I’m finally over being sick. It was a rough last week. My
body just doesn’t “bounce back” like it used to. I remember when I was younger
I would be sick one day, and healthy as ever the next. Same went for being
hungover. Back in my early twenties it was nothing for me to stay out all
night, getting wasted, and then be fully functional at work the next morning.
Of course, I don’t really drink too much anymore. I also don’t
smoke anymore. I quit smoking a little over a year ago. I started when I was 14
years old and stopped when I was 34, so 20 years of smoking was about all I
could handle. Not to mention the financial burden it was causing me. A person
damn near needs to take out a loan in order to buy cigarettes these days.

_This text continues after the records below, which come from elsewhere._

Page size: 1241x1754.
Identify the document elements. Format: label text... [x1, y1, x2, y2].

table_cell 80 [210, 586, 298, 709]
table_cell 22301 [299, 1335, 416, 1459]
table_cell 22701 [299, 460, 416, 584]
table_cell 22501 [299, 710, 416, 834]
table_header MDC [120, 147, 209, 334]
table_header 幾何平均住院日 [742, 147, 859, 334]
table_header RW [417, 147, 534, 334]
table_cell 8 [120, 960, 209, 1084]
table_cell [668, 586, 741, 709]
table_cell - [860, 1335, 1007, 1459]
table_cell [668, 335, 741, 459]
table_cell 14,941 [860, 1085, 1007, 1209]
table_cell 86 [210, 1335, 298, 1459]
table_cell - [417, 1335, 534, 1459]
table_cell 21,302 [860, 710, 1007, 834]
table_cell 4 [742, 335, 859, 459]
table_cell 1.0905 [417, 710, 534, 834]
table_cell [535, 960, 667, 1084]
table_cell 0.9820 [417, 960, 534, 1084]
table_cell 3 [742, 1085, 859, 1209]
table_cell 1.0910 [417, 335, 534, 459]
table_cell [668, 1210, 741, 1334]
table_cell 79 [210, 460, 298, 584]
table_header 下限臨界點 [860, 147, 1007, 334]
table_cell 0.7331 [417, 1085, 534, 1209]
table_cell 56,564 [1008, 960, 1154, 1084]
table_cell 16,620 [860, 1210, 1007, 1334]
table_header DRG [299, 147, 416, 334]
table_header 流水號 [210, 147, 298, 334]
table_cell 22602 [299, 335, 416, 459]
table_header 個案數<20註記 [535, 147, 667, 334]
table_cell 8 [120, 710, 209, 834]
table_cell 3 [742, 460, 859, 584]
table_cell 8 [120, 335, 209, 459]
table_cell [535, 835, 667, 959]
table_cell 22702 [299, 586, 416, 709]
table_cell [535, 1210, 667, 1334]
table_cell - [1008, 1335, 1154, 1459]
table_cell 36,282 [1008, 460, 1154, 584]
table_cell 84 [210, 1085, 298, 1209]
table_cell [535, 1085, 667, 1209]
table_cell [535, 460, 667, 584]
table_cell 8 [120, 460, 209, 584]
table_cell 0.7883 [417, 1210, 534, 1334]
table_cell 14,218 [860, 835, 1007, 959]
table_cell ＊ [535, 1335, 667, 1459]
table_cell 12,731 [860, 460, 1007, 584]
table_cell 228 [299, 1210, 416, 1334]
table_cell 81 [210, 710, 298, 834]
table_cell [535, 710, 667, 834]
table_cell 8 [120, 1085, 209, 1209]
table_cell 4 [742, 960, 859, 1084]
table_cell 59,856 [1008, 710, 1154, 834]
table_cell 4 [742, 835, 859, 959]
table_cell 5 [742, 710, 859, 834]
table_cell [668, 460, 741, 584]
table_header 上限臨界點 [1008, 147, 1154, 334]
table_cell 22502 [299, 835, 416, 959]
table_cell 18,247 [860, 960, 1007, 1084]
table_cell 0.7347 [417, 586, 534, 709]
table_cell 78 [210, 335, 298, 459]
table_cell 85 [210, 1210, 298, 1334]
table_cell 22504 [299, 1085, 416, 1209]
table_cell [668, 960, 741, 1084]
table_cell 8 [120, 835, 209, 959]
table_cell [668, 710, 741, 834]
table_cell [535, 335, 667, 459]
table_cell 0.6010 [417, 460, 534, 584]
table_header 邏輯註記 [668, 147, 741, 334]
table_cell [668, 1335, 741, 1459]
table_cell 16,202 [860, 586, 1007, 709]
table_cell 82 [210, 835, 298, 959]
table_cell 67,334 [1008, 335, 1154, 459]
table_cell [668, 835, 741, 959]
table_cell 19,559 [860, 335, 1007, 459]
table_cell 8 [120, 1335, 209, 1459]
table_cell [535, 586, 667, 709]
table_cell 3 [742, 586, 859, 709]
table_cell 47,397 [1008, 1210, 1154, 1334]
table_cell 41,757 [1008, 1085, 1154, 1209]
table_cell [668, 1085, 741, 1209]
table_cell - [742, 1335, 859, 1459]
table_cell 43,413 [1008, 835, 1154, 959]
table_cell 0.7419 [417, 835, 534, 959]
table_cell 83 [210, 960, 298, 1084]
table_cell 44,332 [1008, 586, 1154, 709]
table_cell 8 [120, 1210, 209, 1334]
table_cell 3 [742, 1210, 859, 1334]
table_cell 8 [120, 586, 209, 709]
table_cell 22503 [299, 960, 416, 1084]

I was
at the gas station the other day and there was a sign for Marlboro cigarettes
that read: “Special Sale Price - $7.09!” Seven
dollars for a pack of cigarettes?!
I was watching Garden
State with my wife on Christmas night (it’s her all-time favorite movie)
and although I had seen it a few times before there was something about the
movie that stuck with me during this viewing. I must have thought about this before while
watching the movie, but this time it just stuck with me. The theme of the movie
is acceptance of life as it is and enjoying it for what it is. The main
character tells his dad that he has “spent 26 years waiting for something else
to start,” but what he realizes is that this is all he has. There’s nothing
else out there. He decides to just start living his life for the enjoyment of
what it is, rather than working towards an unattainable goal that’s going to
make him miserable in the process.
I guess the reason why this is staying with me more these
days is because I have been thinking a lot about the dreams I had when I was
younger. I wanted so badly to be an actor. I always thought I would be and make
a living doing what I loved to do, entertaining people. Now I’m 35 years old
and a finance manager – the dream is long gone. It used to sadden me, but it
doesn’t anymore. I have accepted the fact that I wasn’t able to be an actor like
I had wanted. I wasn’t able to make a living entertaining people. But it’s
okay. This is my life and I better
enjoy what I do have and what I am, because the other option is to be miserable
about a life that I don’t have.
It’s kind of interesting how a movie can have such an
impact. Good thing we weren’t watching my all-time favorite movie, Pulp Fiction, otherwise I might be
wandering the Earth like Caine in Kung Fu.